## PROBLEM DESCRIPTION
A line qualifies if it holds the string "layers". Copy every qualifying line from the records.

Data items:
↓

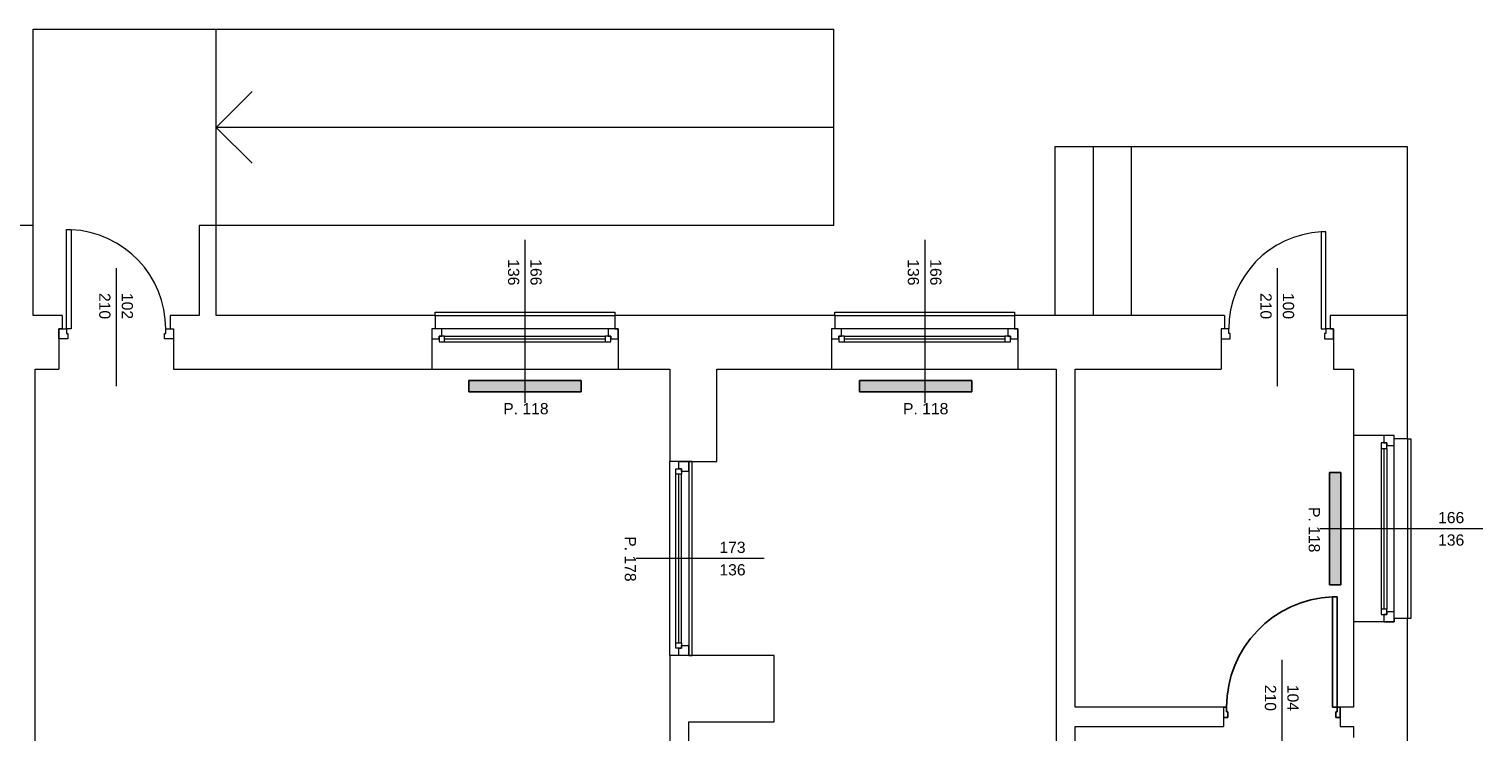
# Model space of a CAD drawing. Header units: millimetres. Extents: x 12683 to 90307, y 30842 to 62253.
# Tile 84 of 152: x 38756 to 40050, y 51043 to 51669. Entities that reach past the tile are written whole.
import ezdxf

# ---------------------------------------------------------------- set-up
doc = ezdxf.new("R2010")
doc.units = ezdxf.units.MM
doc.header["$LTSCALE"] = 0.6
doc.layers.add('zzz_podklady_drzwi', color=252, linetype='Continuous')
doc.layers.add('zzz_podklady_grzejniki_ist', color=252, linetype='Continuous')
for name, color, linetype, lineweight in [('zzz_podklady_drzwi_opisy', 252, 'Continuous', 15), ('zzz_podklady_okna_opisy', 252, 'Continuous', 15), ('zzz_podklady_sciany', 252, 'Continuous', 15)]:
    doc.layers.add(name, color=color, linetype=linetype, lineweight=lineweight)
doc.styles.add('GENERATED_STYLE_1', font='ARIAL.TTF')

msp = doc.modelspace()

# ---------------------------------------------------------------- hatches: boundary and pattern name
at = {"layer": 'zzz_podklady_grzejniki_ist'}
for points in [[(39147.2, 51356), (39147.2, 51346), (39247.2, 51346), (39247.2, 51356)], [(39495.2, 51356), (39495.2, 51346), (39595.2, 51346), (39595.2, 51356)], [(39913.8, 51174), (39923.8, 51174), (39923.8, 51274), (39913.8, 51274)]]:
    msp.add_hatch(color=256, dxfattribs=at).paths.add_polyline_path(points, flags=0)

# ---------------------------------------------------------------- linework, layer by layer
at = {"layer": 'zzz_podklady_drzwi'}
for p, q in [((39920.4, 51163.4), (39916.4, 51163.4)), ((39916.4, 51163.4), (39916.4, 51065)), ((39920.4, 51065), (39920.4, 51163.4)), ((39822, 51065), (39819.2, 51065)), ((39822, 51061), (39822, 51065)), ((39823.2, 51061), (39822, 51061)), ((39823.2, 51056), (39823.2, 51061)), ((39916.4, 51065), (39920.4, 51065)), ((39920.4, 51061), (39919.2, 51061)), ((39919.2, 51061), (39919.2, 51056)), ((39923.2, 51065), (39920.4, 51065)), ((39920.4, 51065), (39920.4, 51061)), ((39819.2, 51056), (39823.2, 51056)), ((39919.2, 51056), (39923.2, 51056))]:
    msp.add_line(p, q, dxfattribs=at)
msp.add_arc((39920.4, 51065), 98.4, 92.3297, 180, dxfattribs=at)
at = {"layer": 'zzz_podklady_drzwi_opisy'}
msp.add_line((39871.2, 51107.2), (39871.2, 51033), dxfattribs=at)
at = {"layer": 'zzz_podklady_grzejniki_ist'}
for p, q in [((39147.2, 51346), (39147.2, 51356)), ((39247.2, 51356), (39147.2, 51356)), ((39247.2, 51346), (39147.2, 51346)), ((39247.2, 51356), (39247.2, 51346)), ((39495.2, 51346), (39495.2, 51356)), ((39595.2, 51356), (39495.2, 51356)), ((39595.2, 51346), (39495.2, 51346)), ((39595.2, 51356), (39595.2, 51346)), ((39913.8, 51274), (39923.8, 51274)), ((39913.8, 51274), (39913.8, 51174)), ((39923.8, 51274), (39923.8, 51174)), ((39923.8, 51174), (39913.8, 51174))]:
    msp.add_line(p, q, dxfattribs=at)
at = {"layer": 'zzz_podklady_okna_opisy'}
for p, q in [((38833.2, 51456.2), (38833.2, 51351)), ((39867.2, 51456.2), (39867.2, 51351))]:
    msp.add_line(p, q, dxfattribs=at)
at = {"layer": 'zzz_podklady_sciany'}
for p, q in [((38759.2, 51494), (38759.2, 51669)), ((38759.2, 51669), (39472.2, 51669)), ((38922.2, 51494), (38922.2, 51669)), ((39472.2, 51494), (39472.2, 51669)), ((38922.2, 51581.5), (38954.2, 51613.5)), ((39472.2, 51581.5), (38922.2, 51581.5)), ((38922.2, 51581.5), (38954.2, 51549.5)), ((39983.2, 51564), (39669.2, 51564)), ((39669.2, 51564), (39669.2, 51414)), ((39703.2, 51564), (39703.2, 51414)), ((39737.2, 51564), (39737.2, 51414)), ((39983.2, 51414), (39983.2, 51564)), ((38759.2, 51494), (38744.2, 51494)), ((38759.2, 51444), (38759.2, 51494)), ((38789, 51402), (38789, 51490.4)), ((38789, 51490.4), (38793, 51490.4)), ((38793, 51490.4), (38793, 51402)), ((38922.2, 51494), (38907.2, 51494)), ((38907.2, 51494), (38907.2, 51414)), ((38922.2, 51414), (38922.2, 51494)), ((39472.2, 51494), (38922.2, 51494)), ((39910.4, 51488.4), (39906.4, 51488.4)), ((39906.4, 51488.4), (39906.4, 51402)), ((39910.4, 51402), (39910.4, 51488.4)), ((38759.2, 51414), (38759.2, 51444)), ((38785.2, 51414), (38759.2, 51414)), ((38785.2, 51414), (38785.2, 51402)), ((38881.2, 51414), (38881.2, 51402)), ((38907.2, 51414), (38881.2, 51414)), ((39117.2, 51414), (38922.2, 51414)), ((39117.2, 51414), (39117.2, 51417)), ((39117.2, 51417), (39277.2, 51417)), ((39117.2, 51414), (39117.2, 51402)), ((39117.2, 51414), (39277.2, 51414)), ((39277.2, 51417), (39277.2, 51414)), ((39277.2, 51414), (39277.2, 51402)), ((39473.2, 51414), (39277.2, 51414)), ((39473.2, 51414), (39473.2, 51417)), ((39473.2, 51417), (39633.2, 51417)), ((39473.2, 51414), (39473.2, 51402)), ((39473.2, 51414), (39633.2, 51414)), ((39633.2, 51417), (39633.2, 51414)), ((39633.2, 51414), (39633.2, 51402)), ((39820.2, 51414), (39633.2, 51414)), ((39820.2, 51414), (39820.2, 51402)), ((39914.2, 51414), (39914.2, 51402)), ((39983.2, 51414), (39914.2, 51414)), ((39983.2, 51304), (39983.2, 51414)), ((38785.2, 51402), (38782.2, 51402)), ((38782.2, 51402), (38782.2, 51393)), ((38782.2, 51402), (38789, 51402)), ((38782.2, 51393), (38782.2, 51402)), ((38782.2, 51402), (38782.2, 51393)), ((38785.2, 51402), (38782.2, 51402)), ((38789, 51402), (38789, 51398)), ((38793, 51402), (38789, 51402)), ((38789, 51398), (38790.2, 51398)), ((38790.2, 51398), (38790.2, 51393)), ((38876.2, 51393), (38876.2, 51398)), ((38876.2, 51398), (38877.4, 51398)), ((38877.4, 51398), (38877.4, 51402)), ((38877.4, 51402), (38884.2, 51402)), ((38881.2, 51402), (38884.2, 51402)), ((38881.2, 51402), (38884.2, 51402)), ((38884.2, 51402), (38884.2, 51393)), ((38884.2, 51402), (38884.2, 51393)), ((38884.2, 51402), (38884.2, 51393)), ((39117.2, 51402), (39114.2, 51402)), ((39114.2, 51402), (39114.2, 51393)), ((39114.2, 51402), (39114.2, 51393)), ((39114.2, 51402), (39114.2, 51393)), ((39277.2, 51402), (39280.2, 51402)), ((39280.2, 51402), (39280.2, 51393)), ((39280.2, 51393), (39280.2, 51402)), ((39280.2, 51402), (39280.2, 51393)), ((39473.2, 51402), (39470.2, 51402)), ((39470.2, 51402), (39470.2, 51393)), ((39470.2, 51402), (39470.2, 51393)), ((39470.2, 51402), (39470.2, 51393)), ((39633.2, 51402), (39636.2, 51402)), ((39636.2, 51402), (39636.2, 51393)), ((39636.2, 51393), (39636.2, 51402)), ((39636.2, 51402), (39636.2, 51393)), ((39820.2, 51402), (39817.2, 51402)), ((39817.2, 51402), (39817.2, 51393)), ((39824, 51402), (39817.2, 51402)), ((39817.2, 51402), (39817.2, 51393)), ((39817.2, 51402), (39817.2, 51393)), ((39820.2, 51402), (39817.2, 51402)), ((39824, 51398), (39824, 51402)), ((39825.2, 51398), (39824, 51398)), ((39825.2, 51393), (39825.2, 51398)), ((39906.4, 51402), (39910.4, 51402)), ((39910.4, 51398), (39909.2, 51398)), ((39909.2, 51398), (39909.2, 51393)), ((39917.2, 51402), (39910.4, 51402)), ((39910.4, 51402), (39910.4, 51398)), ((39914.2, 51402), (39917.2, 51402)), ((39914.2, 51402), (39917.2, 51402)), ((39917.2, 51402), (39917.2, 51393)), ((39917.2, 51393), (39917.2, 51402)), ((39917.2, 51402), (39917.2, 51393)), ((38782.2, 51393), (38782.2, 51366)), ((38790.2, 51393), (38782.2, 51393)), ((38884.2, 51393), (38876.2, 51393)), ((38884.2, 51393), (38884.2, 51366)), ((39114.2, 51393), (39114.2, 51366)), ((39280.2, 51393), (39280.2, 51366)), ((39470.2, 51393), (39470.2, 51366)), ((39636.2, 51393), (39636.2, 51366)), ((39817.2, 51393), (39817.2, 51366)), ((39817.2, 51393), (39825.2, 51393)), ((39909.2, 51393), (39917.2, 51393)), ((39917.2, 51393), (39917.2, 51366)), ((38761.2, 51366), (38782.2, 51366)), ((38761.2, 50889), (38761.2, 51366)), ((38884.2, 51366), (39114.2, 51366)), ((39114.2, 51366), (39280.2, 51366)), ((39114.2, 51366), (39280.2, 51366)), ((39280.2, 51366), (39326.2, 51366)), ((39326.2, 51366), (39326.2, 51284)), ((39368.2, 51366), (39470.2, 51366)), ((39368.2, 51284), (39368.2, 51366)), ((39470.2, 51366), (39636.2, 51366)), ((39470.2, 51366), (39636.2, 51366)), ((39636.2, 51366), (39670.2, 51366)), ((39670.2, 51366), (39670.2, 50817)), ((39687.2, 51366), (39817.2, 51366)), ((39687.2, 51065), (39687.2, 51366)), ((39917.2, 51366), (39935.2, 51366)), ((39935.2, 51366), (39935.2, 51307)), ((39962.2, 51307), (39935.2, 51307)), ((39935.2, 51307), (39935.2, 51141)), ((39935.2, 51307), (39935.2, 51141)), ((39971.2, 51307), (39962.2, 51307)), ((39971.2, 51307), (39962.2, 51307)), ((39971.2, 51307), (39962.2, 51307)), ((39971.2, 51304), (39971.2, 51307)), ((39983.2, 51304), (39971.2, 51304)), ((39983.2, 51304), (39983.2, 51144)), ((39983.2, 51304), (39986.2, 51304)), ((39986.2, 51304), (39986.2, 51144)), ((39334.2, 51284), (39326.2, 51284)), ((39326.2, 51111), (39326.2, 51284)), ((39326.2, 51111), (39326.2, 51284)), ((39343.2, 51284), (39334.2, 51284)), ((39334.2, 51284), (39343.2, 51284)), ((39343.2, 51284), (39334.2, 51284)), ((39343.2, 51284), (39368.2, 51284)), ((39343.2, 51111), (39343.2, 51284)), ((39346.2, 51284), (39343.2, 51284)), ((39346.2, 51111), (39346.2, 51284)), ((39962.2, 51141), (39935.2, 51141)), ((39935.2, 51141), (39935.2, 51065)), ((39971.2, 51141), (39962.2, 51141)), ((39962.2, 51141), (39971.2, 51141)), ((39971.2, 51141), (39962.2, 51141)), ((39983.2, 51144), (39971.2, 51144)), ((39971.2, 51144), (39971.2, 51141)), ((39983.2, 51035), (39983.2, 51144)), ((39986.2, 51144), (39983.2, 51144)), ((39334.2, 51111), (39326.2, 51111)), ((39326.2, 51111), (39326.2, 51052)), ((39343.2, 51111), (39334.2, 51111)), ((39343.2, 51111), (39334.2, 51111)), ((39343.2, 51111), (39334.2, 51111)), ((39343.2, 51111), (39346.2, 51111)), ((39419.2, 51111), (39343.2, 51111)), ((39419.2, 51052), (39419.2, 51111)), ((39819.2, 51065), (39687.2, 51065)), ((39819.2, 51065), (39819.2, 51056)), ((39819.2, 51065), (39819.2, 51056)), ((39819.2, 51065), (39819.2, 51056)), ((39923.2, 51065), (39923.2, 51056)), ((39935.2, 51065), (39923.2, 51065)), ((39923.2, 51056), (39923.2, 51065)), ((39923.2, 51065), (39923.2, 51056)), ((39326.2, 51052), (39326.2, 51017)), ((39343.2, 51052), (39419.2, 51052)), ((39343.2, 51017), (39343.2, 51052)), ((39687.2, 51048), (39819.2, 51048)), ((39687.2, 50817), (39687.2, 51048)), ((39819.2, 51056), (39819.2, 51048)), ((39923.2, 51056), (39923.2, 51048)), ((39923.2, 51048), (39935.2, 51048)), ((39935.2, 51048), (39935.2, 51038))]:
    msp.add_line(p, q, dxfattribs=at)
for centre, radius, start, end in [((38789, 51402), 88.4, 0, 87.4065), ((39910.4, 51402), 86.4, 92.6535, 180)]:
    msp.add_arc(centre, radius, start, end, dxfattribs=at)

# ---------------------------------------------------------------- texts
at = {"layer": 'zzz_podklady_drzwi_opisy', "char_height": 10, "attachment_point": 7, "rotation": 270, "style": 'GENERATED_STYLE_1'}
for s, insert in [('{P. 178}', (39286, 51217.3)), ('{210}', (39856, 51085)), ('{104}', (39876, 51085))]:
    msp.add_mtext(s, dxfattribs=dict(at, insert=insert))
at = {"layer": 'zzz_podklady_drzwi_opisy', "char_height": 10, "attachment_point": 7, "style": 'GENERATED_STYLE_1'}
for s, insert in [('{173}', (39370.4, 51202.3)), ('{136}', (39370.4, 51182.3))]:
    msp.add_mtext(s, dxfattribs=dict(at, insert=insert))
at = {"layer": 'zzz_podklady_okna_opisy', "char_height": 10, "attachment_point": 7, "rotation": 270, "style": 'GENERATED_STYLE_1'}
for s, insert in [('{136}', (39182, 51464)), ('{166}', (39202, 51464)), ('{136}', (39538, 51464)), ('{166}', (39558, 51464)), ('{210}', (38818, 51434)), ('{102}', (38838, 51434)), ('{210}', (39852, 51434)), ('{100}', (39872, 51434)), ('{P. 118}', (39895, 51243.3))]:
    msp.add_mtext(s, dxfattribs=dict(at, insert=insert))
at = {"layer": 'zzz_podklady_okna_opisy', "char_height": 10, "attachment_point": 7, "style": 'GENERATED_STYLE_1'}
for s, insert in [('{P. 118}', (39177.9, 51325.8)), ('{P. 118}', (39533.9, 51325.8)), ('{166}', (40010.4, 51228.8)), ('{136}', (40010.4, 51208.8))]:
    msp.add_mtext(s, dxfattribs=dict(at, insert=insert))

# ---------------------------------------------------------------- next in the draw order: wipeouts: each hides what was drawn before it
at = {"ltscale": 5848.118966}
for points in [[(39268.7, 51390.5), (39268.7, 51395.5), (39271.2, 51395.5), (39271.2, 51402), (39123.2, 51402), (39123.2, 51395.5), (39125.7, 51395.5), (39125.7, 51390.5)], [(39624.7, 51390.5), (39624.7, 51395.5), (39627.2, 51395.5), (39627.2, 51402), (39479.2, 51402), (39479.2, 51395.5), (39481.7, 51395.5), (39481.7, 51390.5)], [(39959.7, 51152.5), (39964.7, 51152.5), (39964.7, 51150), (39971.2, 51150), (39971.2, 51298), (39964.7, 51298), (39964.7, 51295.5), (39959.7, 51295.5)]]:
    msp.add_wipeout(points, dxfattribs=at).dxf.layer = 'zzz_podklady_sciany'
at = {"ltscale": 6126.733884}
msp.add_wipeout([(39331.7, 51272.5), (39336.7, 51272.5), (39336.7, 51275), (39343.2, 51275), (39343.2, 51120), (39336.7, 51120), (39336.7, 51122.5), (39331.7, 51122.5)], dxfattribs=at).dxf.layer = 'zzz_podklady_sciany'

# ---------------------------------------------------------------- next in the draw order: linework, layer by layer
at = {"layer": 'zzz_podklady_drzwi_opisy'}
msp.add_line((39410.3, 51197.5), (39296.2, 51197.5), dxfattribs=at)
at = {"layer": 'zzz_podklady_okna_opisy'}
for p, q in [((39197.2, 51481.2), (39197.2, 51336)), ((39553.2, 51481.2), (39553.2, 51336)), ((40050.3, 51224), (39905.2, 51224))]:
    msp.add_line(p, q, dxfattribs=at)
at = {"layer": 'zzz_podklady_sciany'}
for p, q in [((39123.2, 51402), (39114.2, 51402)), ((39117.2, 51402), (39114.2, 51402)), ((39123.2, 51395.5), (39123.2, 51402)), ((39271.2, 51402), (39123.2, 51402)), ((39280.2, 51402), (39271.2, 51402)), ((39271.2, 51402), (39271.2, 51395.5)), ((39277.2, 51402), (39280.2, 51402)), ((39479.2, 51402), (39470.2, 51402)), ((39473.2, 51402), (39470.2, 51402)), ((39479.2, 51395.5), (39479.2, 51402)), ((39627.2, 51402), (39479.2, 51402)), ((39636.2, 51402), (39627.2, 51402)), ((39627.2, 51402), (39627.2, 51395.5)), ((39633.2, 51402), (39636.2, 51402)), ((39114.2, 51393), (39120.7, 51393)), ((39120.7, 51393), (39120.7, 51395.5)), ((39120.7, 51395.5), (39123.2, 51395.5)), ((39125.7, 51395.5), (39120.7, 51395.5)), ((39120.7, 51395.5), (39120.7, 51390.5)), ((39120.7, 51390.5), (39125.7, 51390.5)), ((39125.7, 51395.5), (39268.7, 51395.5)), ((39125.7, 51390.5), (39125.7, 51395.5)), ((39125.7, 51393), (39268.7, 51393)), ((39125.7, 51390.5), (39268.7, 51390.5)), ((39125.7, 51390.5), (39268.7, 51390.5)), ((39273.7, 51395.5), (39268.7, 51395.5)), ((39268.7, 51395.5), (39268.7, 51390.5)), ((39268.7, 51390.5), (39273.7, 51390.5)), ((39271.2, 51395.5), (39273.7, 51395.5)), ((39273.7, 51395.5), (39273.7, 51393)), ((39273.7, 51390.5), (39273.7, 51395.5)), ((39273.7, 51393), (39280.2, 51393)), ((39470.2, 51393), (39476.7, 51393)), ((39476.7, 51393), (39476.7, 51395.5)), ((39476.7, 51395.5), (39479.2, 51395.5)), ((39481.7, 51395.5), (39476.7, 51395.5)), ((39476.7, 51395.5), (39476.7, 51390.5)), ((39476.7, 51390.5), (39481.7, 51390.5)), ((39481.7, 51395.5), (39624.7, 51395.5)), ((39481.7, 51390.5), (39481.7, 51395.5)), ((39481.7, 51393), (39624.7, 51393)), ((39481.7, 51390.5), (39624.7, 51390.5)), ((39481.7, 51390.5), (39624.7, 51390.5)), ((39629.7, 51395.5), (39624.7, 51395.5)), ((39624.7, 51395.5), (39624.7, 51390.5)), ((39624.7, 51390.5), (39629.7, 51390.5)), ((39627.2, 51395.5), (39629.7, 51395.5)), ((39629.7, 51395.5), (39629.7, 51393)), ((39629.7, 51390.5), (39629.7, 51395.5)), ((39629.7, 51393), (39636.2, 51393)), ((39962.2, 51307), (39962.2, 51300.5)), ((39971.2, 51298), (39971.2, 51307)), ((39971.2, 51304), (39971.2, 51307)), ((39959.7, 51300.5), (39959.7, 51295.5)), ((39964.7, 51300.5), (39959.7, 51300.5)), ((39959.7, 51295.5), (39959.7, 51152.5)), ((39959.7, 51295.5), (39959.7, 51152.5)), ((39959.7, 51295.5), (39964.7, 51295.5)), ((39962.2, 51300.5), (39964.7, 51300.5)), ((39962.2, 51295.5), (39962.2, 51152.5)), ((39964.7, 51300.5), (39964.7, 51298)), ((39964.7, 51295.5), (39964.7, 51300.5)), ((39964.7, 51298), (39971.2, 51298)), ((39964.7, 51295.5), (39964.7, 51152.5)), ((39971.2, 51150), (39971.2, 51298)), ((39334.2, 51277.5), (39334.2, 51284)), ((39343.2, 51284), (39343.2, 51275)), ((39331.7, 51272.5), (39331.7, 51277.5)), ((39331.7, 51277.5), (39336.7, 51277.5)), ((39331.7, 51122.5), (39331.7, 51272.5)), ((39331.7, 51122.5), (39331.7, 51272.5)), ((39336.7, 51272.5), (39331.7, 51272.5)), ((39336.7, 51277.5), (39334.2, 51277.5)), ((39334.2, 51122.5), (39334.2, 51272.5)), ((39336.7, 51275), (39336.7, 51277.5)), ((39336.7, 51277.5), (39336.7, 51272.5)), ((39343.2, 51275), (39336.7, 51275)), ((39336.7, 51122.5), (39336.7, 51272.5)), ((39343.2, 51275), (39343.2, 51120)), ((39964.7, 51152.5), (39959.7, 51152.5)), ((39959.7, 51152.5), (39959.7, 51147.5)), ((39964.7, 51147.5), (39964.7, 51152.5)), ((39959.7, 51147.5), (39964.7, 51147.5)), ((39964.7, 51147.5), (39962.2, 51147.5)), ((39962.2, 51147.5), (39962.2, 51141)), ((39971.2, 51150), (39964.7, 51150)), ((39964.7, 51150), (39964.7, 51147.5)), ((39971.2, 51141), (39971.2, 51150)), ((39971.2, 51144), (39971.2, 51141)), ((39331.7, 51117.5), (39331.7, 51122.5)), ((39331.7, 51122.5), (39336.7, 51122.5)), ((39336.7, 51117.5), (39331.7, 51117.5)), ((39334.2, 51111), (39334.2, 51117.5)), ((39334.2, 51117.5), (39336.7, 51117.5)), ((39336.7, 51122.5), (39336.7, 51117.5)), ((39336.7, 51117.5), (39336.7, 51120)), ((39336.7, 51120), (39343.2, 51120)), ((39343.2, 51120), (39343.2, 51111))]:
    msp.add_line(p, q, dxfattribs=at)

doc.saveas('drawing.dxf')

↑

## RESULT FOR THIS TASK
doc.layers.add('zzz_podklady_drzwi', color=252, linetype='Continuous')
doc.layers.add('zzz_podklady_grzejniki_ist', color=252, linetype='Continuous')
    doc.layers.add(name, color=color, linetype=linetype, lineweight=lineweight)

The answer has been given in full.